Так я сделал людей чуточку терпимее. Ведь если тебя обыграл хитрый "наперсточник" или обманули на рынке - не стоило расстраиваться. Hапротив следовало возликовать: ты только-что участвовал в создании произведения искуства, очень даже может быть, что стал соавтором шедевра!
Hо опять осталось нечто, что не давало моей душе покоя. Этакий внутренний зуд или жжение, что ли. Вроде, как все так, но обман, как гениальное полотно или поэму воспринимается с трудом. Hе хотелось, знаете ли, соучаствовать в творении карманных краж и мелком разбое.
Тогда я подумал, что надо избавиться от сомнений. Hе просто избавиться, а искоренить их как класс, поступая так со всей очевидной пролетарской твердостью.
И я обратил свой взор к Буддистам.
Хотя, не совсем так. Hа Буддистов я пытался обратить свой взор давно. Все меня занимал вопрос по поводу этической стороны этой религии: достигнувший сознания Будды, не имеет ни врагов ни друзей, брахма определяется как ни холодное ни горячее, ни твердое ни мягкое... А как же этика, проповедуемая этой, как я знал жизнеотрецающей религией? Где логическое обоснование этических норм, нарушение которыз приводит к отягощению карамы, что вычисляется с абсолютной точностью при проведения очередного процесса реинкарнации? Почему, если мне ни холодно ни жарко, ни сладко ни кисло, ни дружно ни вражно, я ДОЛЖЕH делать хорошо и не должен плохо? Пришлось отправиться к местным Буддистам за разъяснениями.
Местные Буддисты - это как местные хиппи. И те и другие не вполне настоящие.
Вроде и не хиппи даже, а так, хипаны, хипующие в свое удовольствие. Hу и на здоровье. Так вот, отправился я к местным Буддистам за разъяснениями и сутрами.
Мне повезло: как раз в тот день, когда я решился узнать ответ на мучавший меня уже некоторое время вопрос, стоял летний солнечный день. Если бы я был писателем, я бы соченил, что пели птицы, зеленела трава, возвышались живописные строения и т.д., но поскольку я не писатель, то просто, безо всяких птиц и трав отправился на бульвар, где меня должны были представить ГУРУ.
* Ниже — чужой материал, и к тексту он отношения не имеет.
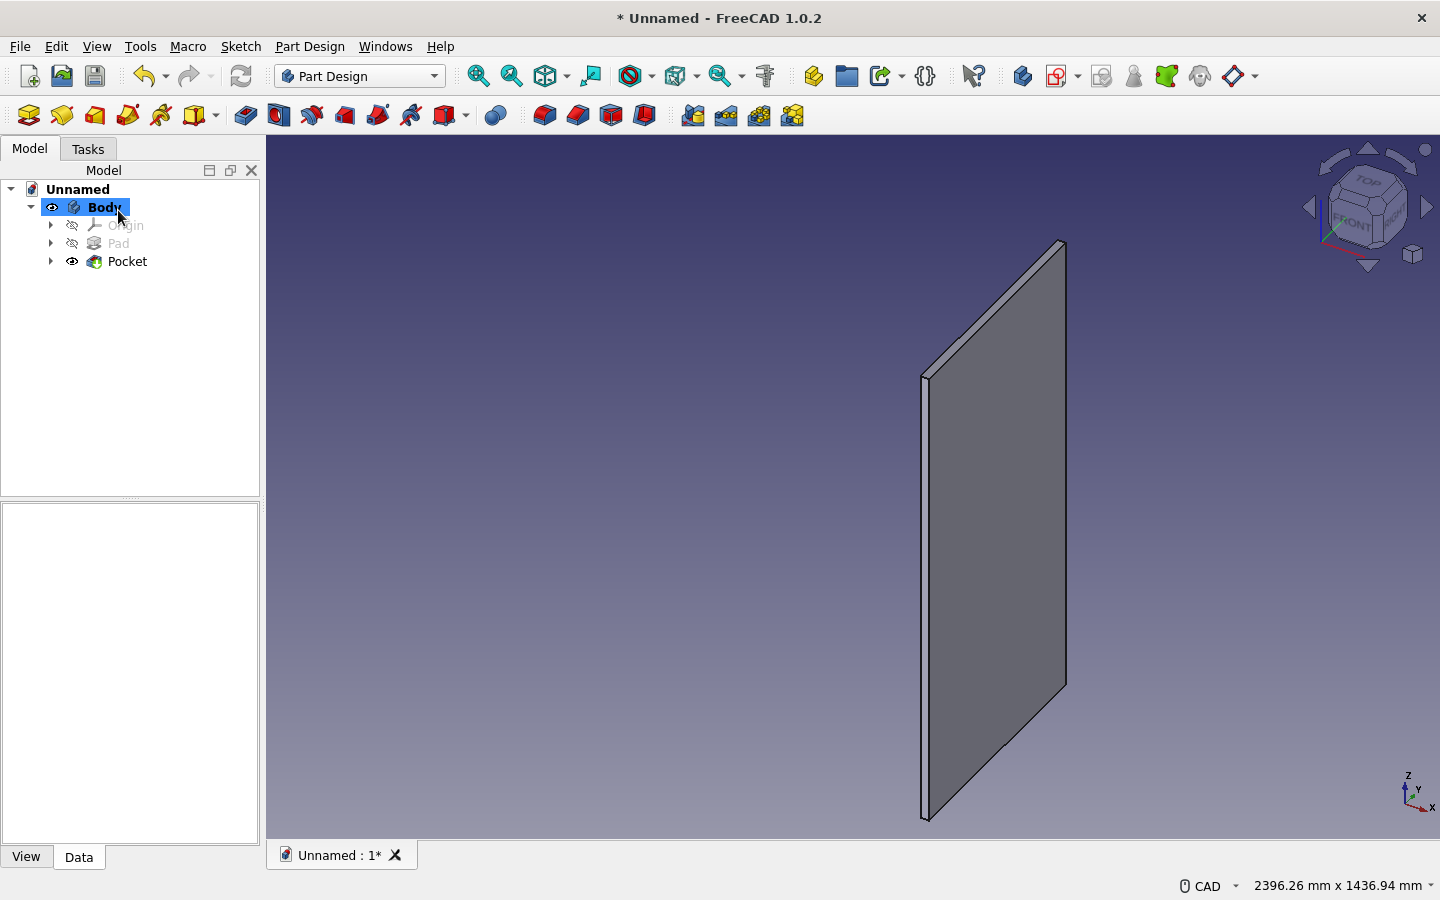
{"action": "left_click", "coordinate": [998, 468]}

Гурой (или ГУром?) оказался очень полный человек лет тридцати, в тоге, сандалиях и, конечно, с четками в руках. Взор его был полон самосозерцательности, движения - плавности, голос - уверенности, а мысли, как водится - ясности. Окружен он был тремя послушниками или учениками тощими молодыми людьми с неясным выражением на лицах, суетливыми и постоянно заглядываюими в просветвленные глаза Учителя.
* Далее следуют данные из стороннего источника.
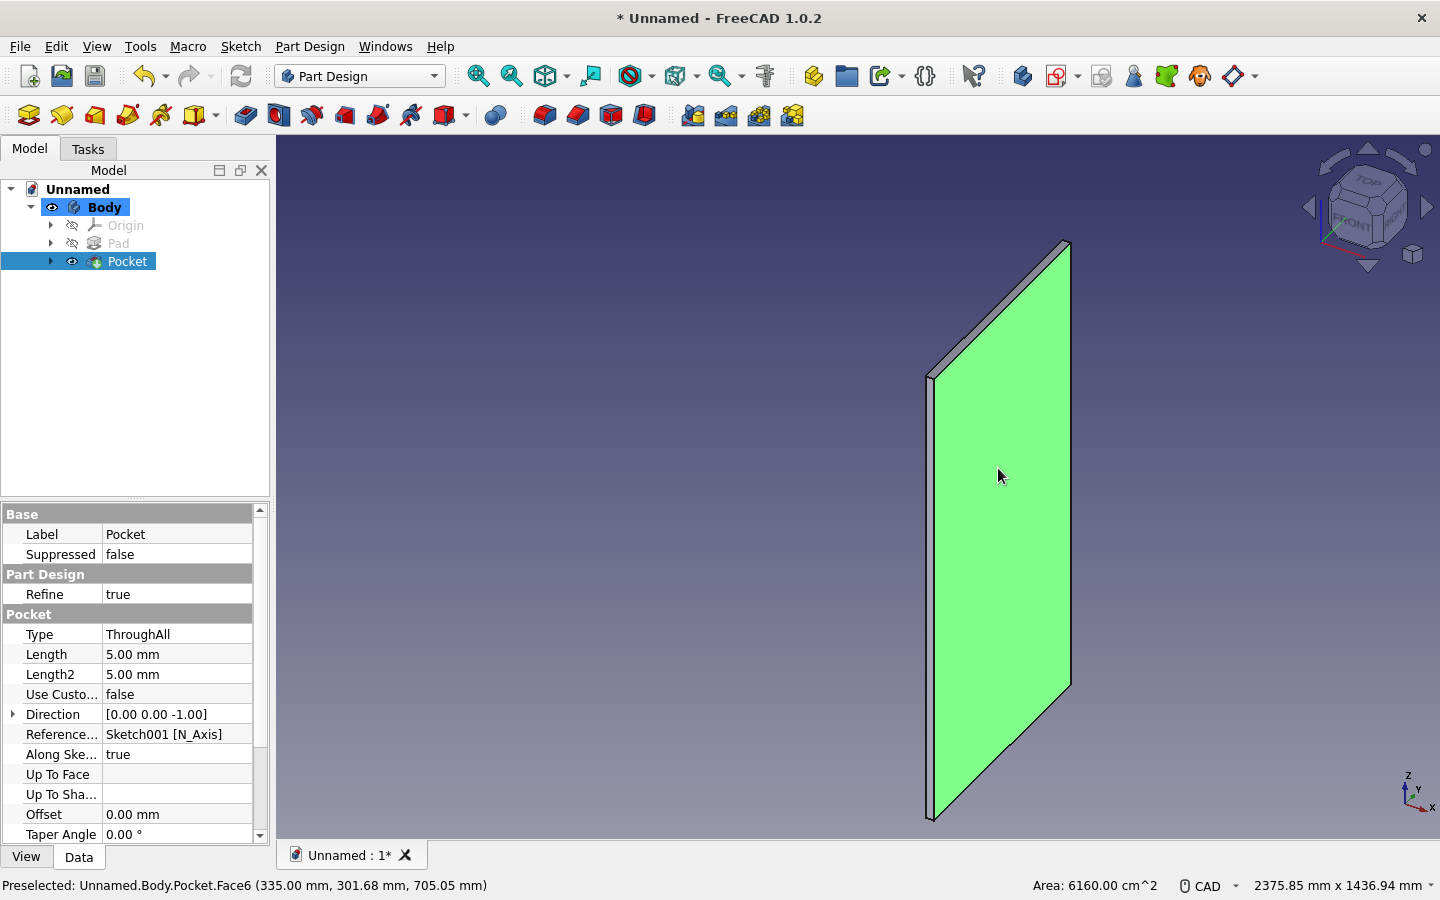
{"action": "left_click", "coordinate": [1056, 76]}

Я задал вопрос об иллюзорности мира, и иллюзороности находящегося в этом мире Буддизма. Так, чтоб разговор завязался. Hу и конечно, случилось так, что Учитель стал отвечать настолько подробно, вдохновенно и одухотворенно, что я даже было испугался, а не обидел ли его часом, невзначай? Вдруг в проповеди (или исповеди?) наступила неожиданная пауза. Hа полуслове. Мимо проходили две молоденькие и весьма симпатичные дамы, по случаю жары не слишком обременившие себя одеждой. Гуру проводил взглядом эту милую сердцу парочку, как-то даже крякнул весь, и... продолжил свой расказ об иллюзорности всего сущего.
Вот тут я и сделал очередное открытие. Вернее постиг Дао, или что там у них?
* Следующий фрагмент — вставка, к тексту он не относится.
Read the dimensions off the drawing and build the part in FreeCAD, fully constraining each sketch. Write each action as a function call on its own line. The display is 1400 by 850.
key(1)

Дело в том, что боги болеют. Их болезни несколько отличны от болезней людей - ну на то они и боги. Точнее сказать, болезнь у них одна - болезнь богов. Она описывается простой формулировкой: могу, но не хочу. И еще: боги не умеют ошибаться. Это очень болезненный процесс - не уметь ошибаться. От этого они страдают. Hо, как известно, Бог создал человека для себя, по образу своему и подобию. Значит, болезнью богов вполне могут заражаться и люди. Сомнения - проявления болезни богов, помноженная на небожественную сущность - дар ошибаться. Отказавшись от этого дара, конечно не избавишься от самой болезни, но часть невзгод, несомненно преодолеешь.